• [EXERCISE AIM]
Images are to be dropped; everything else in the entries below must be copied exactly.

• [STUDY MATERIAL]
Content starts

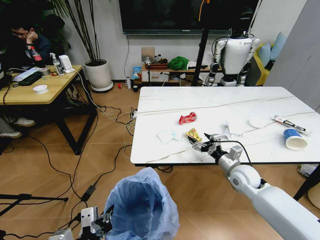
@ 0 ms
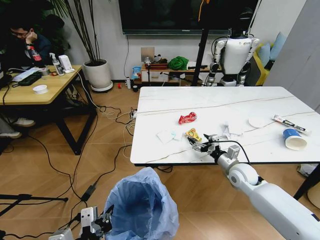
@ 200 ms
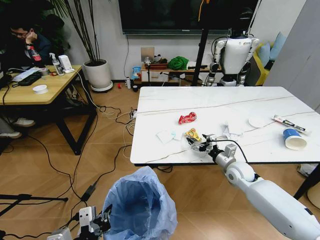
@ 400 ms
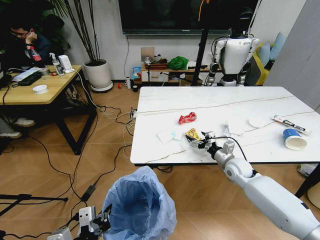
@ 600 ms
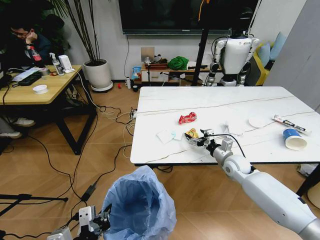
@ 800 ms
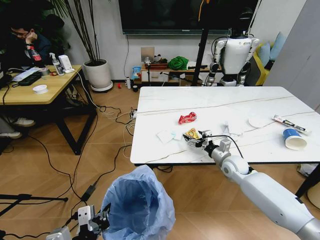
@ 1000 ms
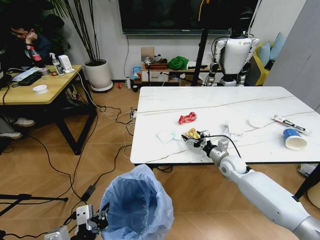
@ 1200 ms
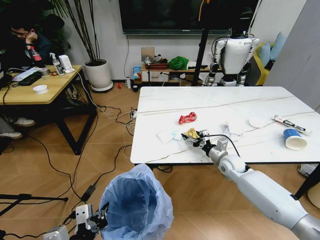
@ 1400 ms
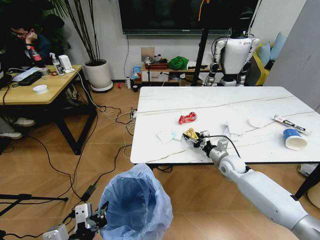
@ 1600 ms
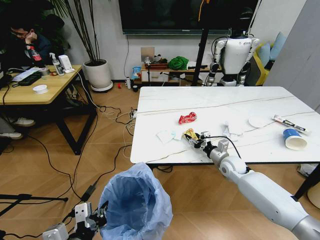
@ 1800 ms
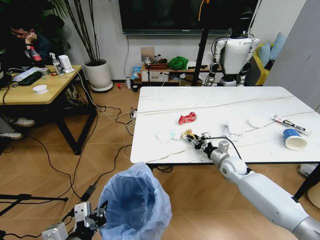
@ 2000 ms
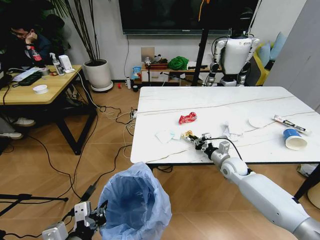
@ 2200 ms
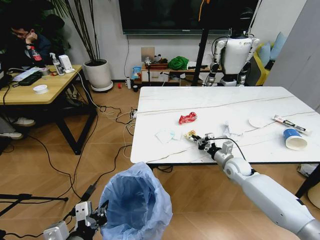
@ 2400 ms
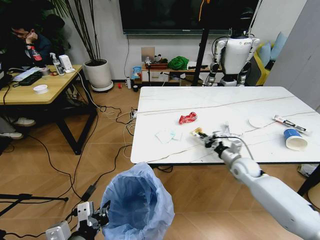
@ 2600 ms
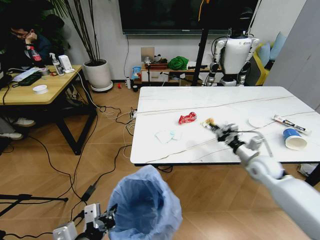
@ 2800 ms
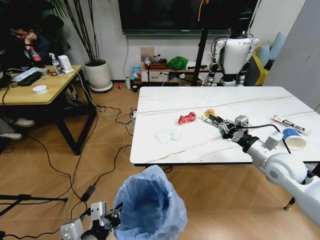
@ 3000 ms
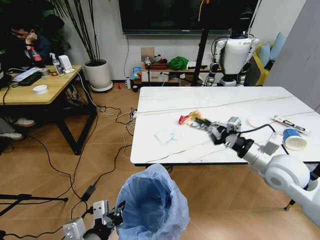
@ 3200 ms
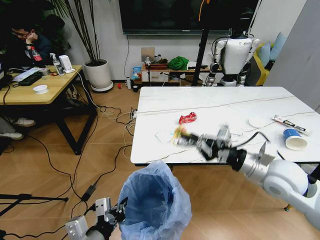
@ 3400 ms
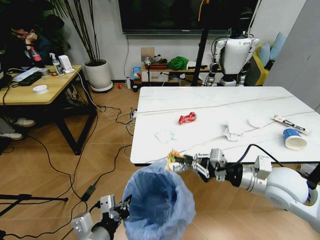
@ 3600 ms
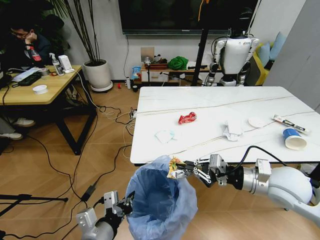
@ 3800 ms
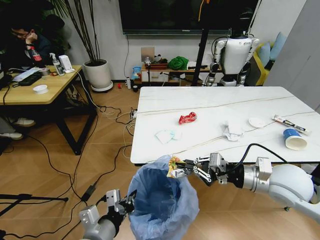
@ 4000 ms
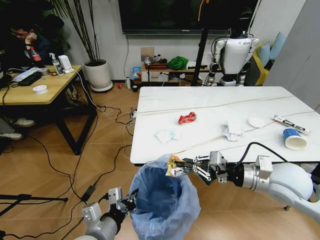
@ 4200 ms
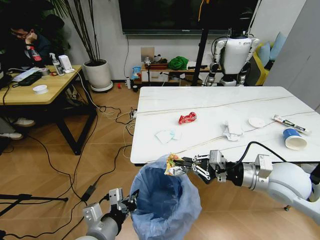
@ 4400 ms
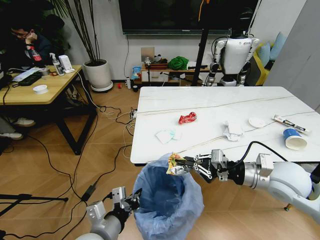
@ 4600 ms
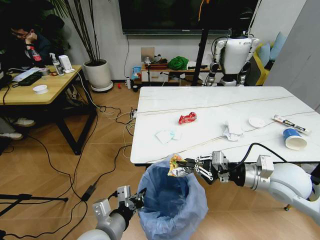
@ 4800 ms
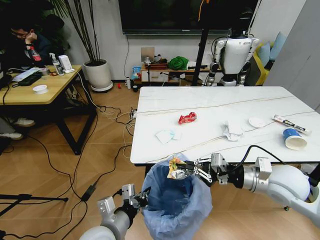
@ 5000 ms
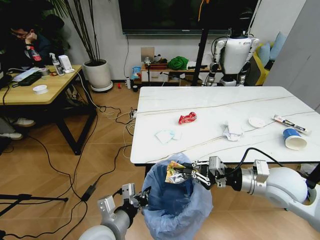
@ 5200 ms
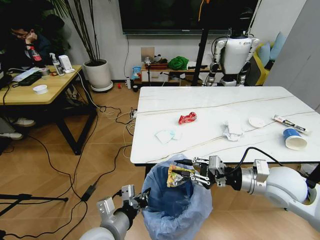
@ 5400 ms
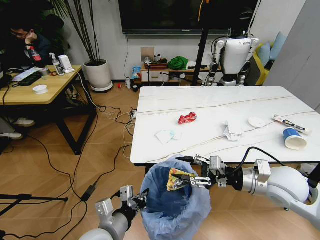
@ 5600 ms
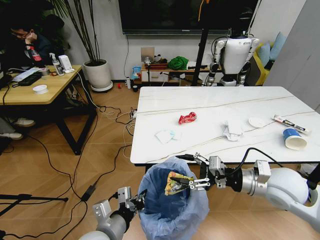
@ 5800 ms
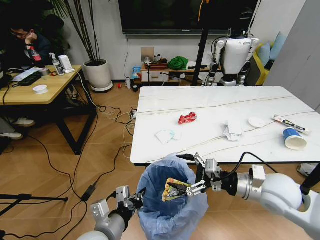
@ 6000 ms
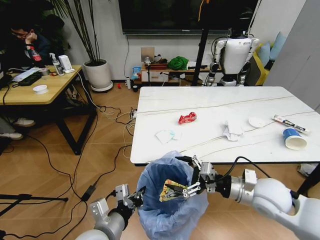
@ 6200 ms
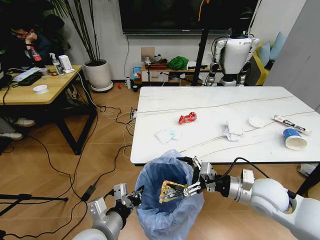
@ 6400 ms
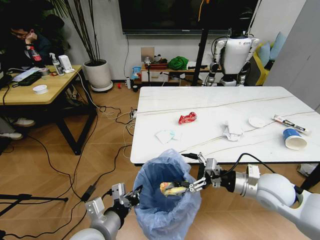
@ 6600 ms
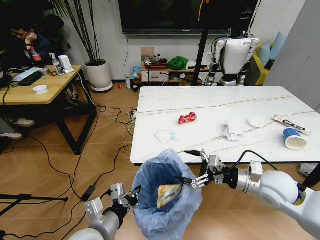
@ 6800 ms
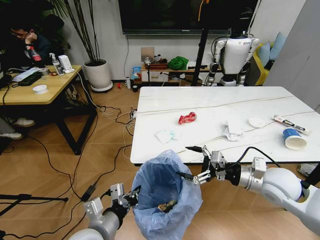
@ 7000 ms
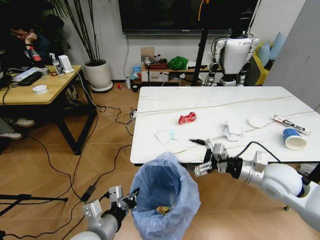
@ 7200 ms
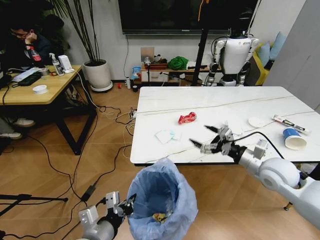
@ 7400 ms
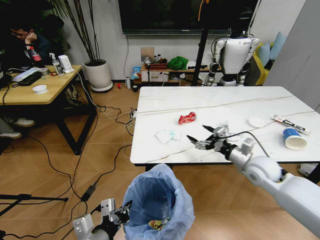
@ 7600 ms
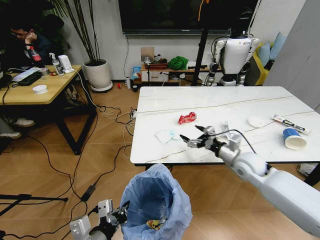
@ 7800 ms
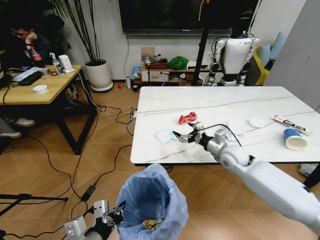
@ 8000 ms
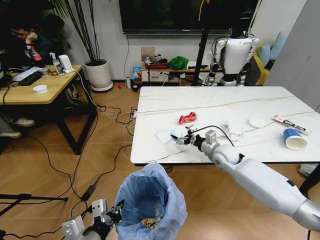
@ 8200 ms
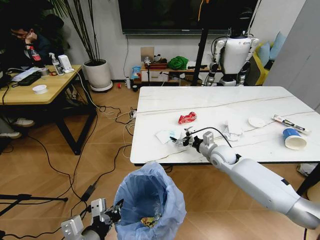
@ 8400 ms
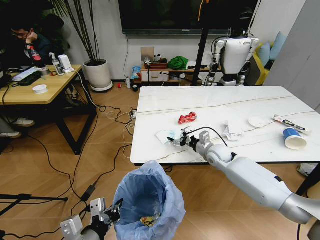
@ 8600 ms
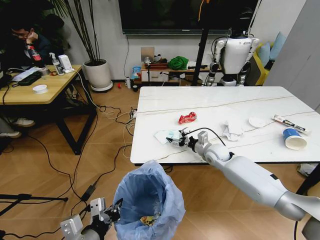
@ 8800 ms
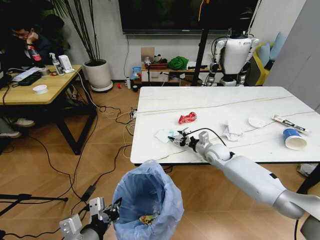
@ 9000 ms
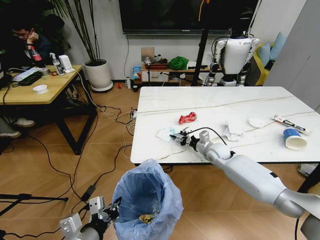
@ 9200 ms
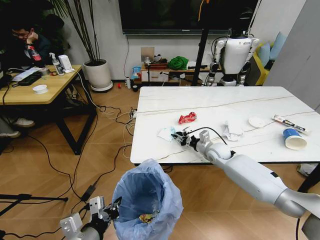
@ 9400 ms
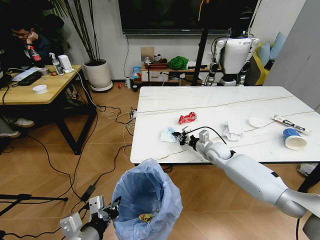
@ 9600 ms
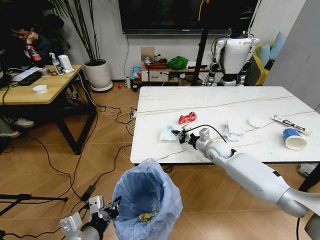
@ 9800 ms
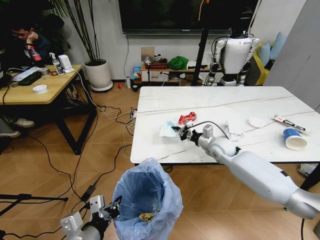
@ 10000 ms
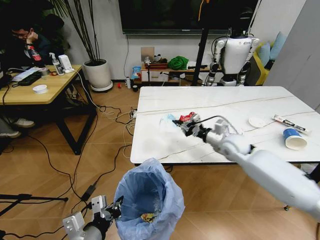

Content ends

• [EXERCISE OUTPUT]
@ 0 ms
@ 200 ms
@ 400 ms
@ 600 ms
@ 800 ms
@ 1000 ms
@ 1200 ms
@ 1400 ms
@ 1600 ms
@ 1800 ms
@ 2000 ms
@ 2200 ms
@ 2400 ms
@ 2600 ms
@ 2800 ms
@ 3000 ms
@ 3200 ms
@ 3400 ms
@ 3600 ms
@ 3800 ms
@ 4000 ms
@ 4200 ms
@ 4400 ms
@ 4600 ms
@ 4800 ms
@ 5000 ms
@ 5200 ms
@ 5400 ms
@ 5600 ms
@ 5800 ms
@ 6000 ms
@ 6200 ms
@ 6400 ms
@ 6600 ms
@ 6800 ms
@ 7000 ms
@ 7200 ms
@ 7400 ms
@ 7600 ms
@ 7800 ms
@ 8000 ms
@ 8200 ms
@ 8400 ms
@ 8600 ms
@ 8800 ms
@ 9000 ms
@ 9200 ms
@ 9400 ms
@ 9600 ms
@ 9800 ms
@ 10000 ms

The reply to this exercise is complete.